• BRIEF:
Search the lines of the records for the word "Numbers", and copy every line that has it.

• WORKING DATA:
□ □ □ □

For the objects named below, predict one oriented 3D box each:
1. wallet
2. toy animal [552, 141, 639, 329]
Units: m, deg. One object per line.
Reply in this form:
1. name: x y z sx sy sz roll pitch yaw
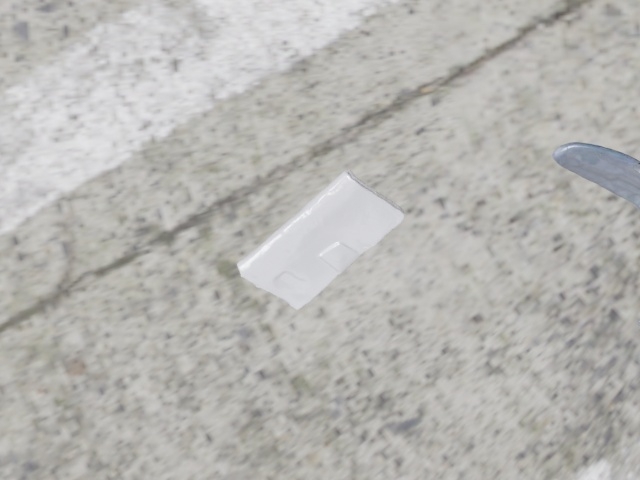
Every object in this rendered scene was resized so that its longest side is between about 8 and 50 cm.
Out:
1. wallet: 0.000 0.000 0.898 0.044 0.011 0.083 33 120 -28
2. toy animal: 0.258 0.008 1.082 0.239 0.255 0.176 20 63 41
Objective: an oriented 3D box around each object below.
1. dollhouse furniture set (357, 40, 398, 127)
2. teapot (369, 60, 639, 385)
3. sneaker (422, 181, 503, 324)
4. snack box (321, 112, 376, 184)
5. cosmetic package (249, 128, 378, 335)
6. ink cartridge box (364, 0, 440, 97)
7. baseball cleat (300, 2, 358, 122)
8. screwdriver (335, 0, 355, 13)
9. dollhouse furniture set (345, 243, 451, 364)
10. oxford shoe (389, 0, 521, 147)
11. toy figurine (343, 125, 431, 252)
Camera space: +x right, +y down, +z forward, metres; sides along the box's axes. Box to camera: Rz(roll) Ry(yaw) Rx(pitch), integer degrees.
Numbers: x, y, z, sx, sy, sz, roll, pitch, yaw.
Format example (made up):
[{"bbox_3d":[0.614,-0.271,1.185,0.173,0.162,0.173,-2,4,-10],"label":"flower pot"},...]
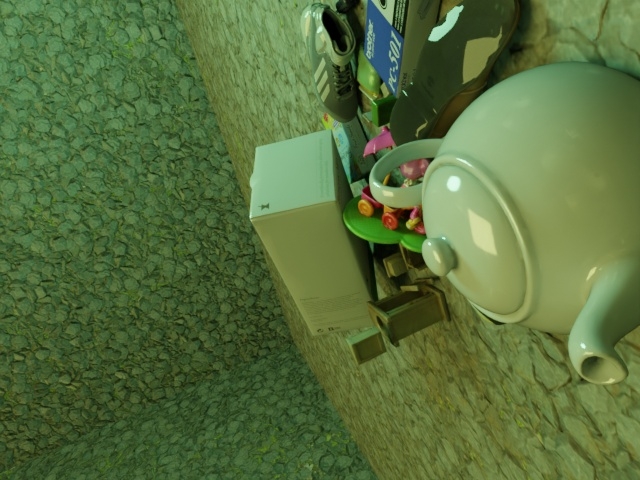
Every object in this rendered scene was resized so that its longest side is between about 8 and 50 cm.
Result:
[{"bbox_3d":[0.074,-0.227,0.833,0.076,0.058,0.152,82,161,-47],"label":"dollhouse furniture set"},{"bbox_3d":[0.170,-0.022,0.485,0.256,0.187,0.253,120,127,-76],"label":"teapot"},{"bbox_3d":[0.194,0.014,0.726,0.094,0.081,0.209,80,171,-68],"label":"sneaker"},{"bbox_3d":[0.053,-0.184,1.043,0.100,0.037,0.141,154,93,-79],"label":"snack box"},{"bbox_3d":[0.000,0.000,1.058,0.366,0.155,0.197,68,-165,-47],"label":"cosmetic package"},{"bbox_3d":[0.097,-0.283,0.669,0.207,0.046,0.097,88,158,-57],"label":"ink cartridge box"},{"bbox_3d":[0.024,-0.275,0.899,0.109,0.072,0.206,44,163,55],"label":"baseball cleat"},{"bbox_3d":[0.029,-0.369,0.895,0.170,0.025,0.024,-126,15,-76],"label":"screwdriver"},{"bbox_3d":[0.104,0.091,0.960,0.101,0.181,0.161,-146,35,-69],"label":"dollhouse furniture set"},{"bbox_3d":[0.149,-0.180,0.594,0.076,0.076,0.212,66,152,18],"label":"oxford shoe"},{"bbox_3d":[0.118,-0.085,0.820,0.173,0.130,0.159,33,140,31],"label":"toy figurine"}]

□ □ □ □

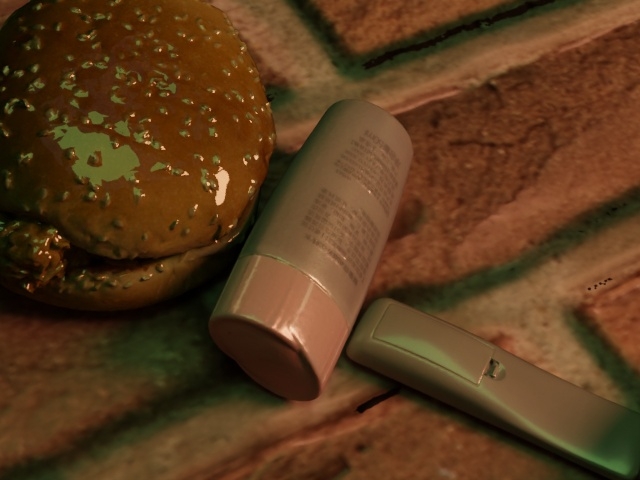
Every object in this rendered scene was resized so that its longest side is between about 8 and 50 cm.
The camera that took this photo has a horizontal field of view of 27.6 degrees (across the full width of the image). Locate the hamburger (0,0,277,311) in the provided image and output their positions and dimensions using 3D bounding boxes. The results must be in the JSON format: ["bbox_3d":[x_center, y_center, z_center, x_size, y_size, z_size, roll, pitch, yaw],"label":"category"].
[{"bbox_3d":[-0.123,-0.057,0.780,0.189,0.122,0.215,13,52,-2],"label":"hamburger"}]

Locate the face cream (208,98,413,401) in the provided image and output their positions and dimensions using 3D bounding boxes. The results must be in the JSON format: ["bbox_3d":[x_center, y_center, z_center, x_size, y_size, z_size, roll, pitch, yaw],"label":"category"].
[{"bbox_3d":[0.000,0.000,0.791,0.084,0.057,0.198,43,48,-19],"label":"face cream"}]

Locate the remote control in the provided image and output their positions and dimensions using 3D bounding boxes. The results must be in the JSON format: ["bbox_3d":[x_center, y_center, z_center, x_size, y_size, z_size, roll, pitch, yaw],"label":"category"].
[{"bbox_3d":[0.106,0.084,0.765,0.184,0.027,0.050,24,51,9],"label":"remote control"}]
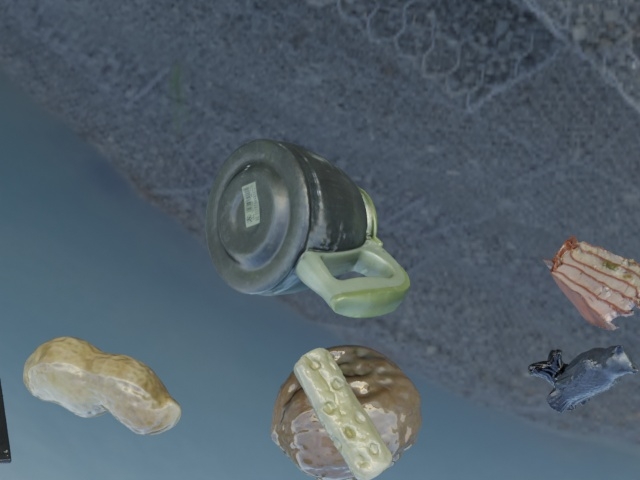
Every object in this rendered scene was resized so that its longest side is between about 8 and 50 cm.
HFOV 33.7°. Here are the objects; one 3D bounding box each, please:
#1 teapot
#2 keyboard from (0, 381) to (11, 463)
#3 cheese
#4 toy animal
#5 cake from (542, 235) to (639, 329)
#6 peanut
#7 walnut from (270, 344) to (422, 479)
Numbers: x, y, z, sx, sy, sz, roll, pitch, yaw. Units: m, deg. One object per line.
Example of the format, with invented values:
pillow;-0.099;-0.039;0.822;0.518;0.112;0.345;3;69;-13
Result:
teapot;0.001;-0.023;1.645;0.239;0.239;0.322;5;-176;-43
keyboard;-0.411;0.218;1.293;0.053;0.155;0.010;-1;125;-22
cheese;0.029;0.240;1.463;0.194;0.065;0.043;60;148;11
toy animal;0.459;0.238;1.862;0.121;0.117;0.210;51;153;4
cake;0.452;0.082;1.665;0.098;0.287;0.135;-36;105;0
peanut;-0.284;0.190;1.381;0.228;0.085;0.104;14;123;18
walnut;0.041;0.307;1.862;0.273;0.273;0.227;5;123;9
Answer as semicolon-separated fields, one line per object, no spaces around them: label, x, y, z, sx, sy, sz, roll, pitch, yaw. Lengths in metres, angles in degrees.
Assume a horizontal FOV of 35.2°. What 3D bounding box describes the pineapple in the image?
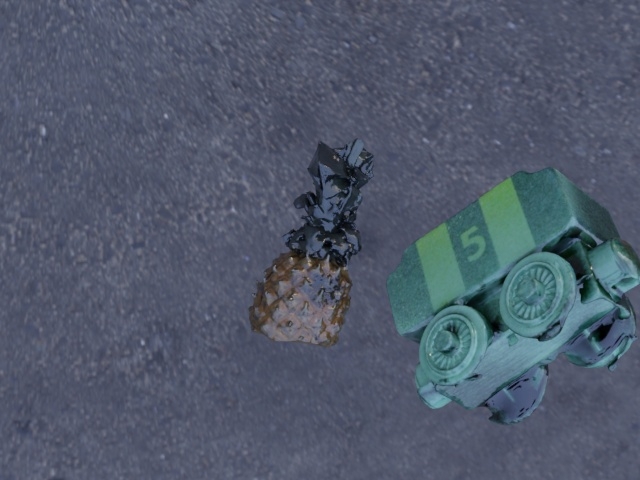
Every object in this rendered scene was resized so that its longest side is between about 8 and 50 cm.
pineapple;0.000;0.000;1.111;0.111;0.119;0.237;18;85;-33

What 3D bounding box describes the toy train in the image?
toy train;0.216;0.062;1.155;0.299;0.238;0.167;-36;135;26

□ □ □ □

• SOLUTION:
Numbers: x, y, z, sx, sy, sz, roll, pitch, yaw.
Numbers: x, y, z, sx, sy, sz, roll, pitch, yaw. Units: m, deg. One object per line.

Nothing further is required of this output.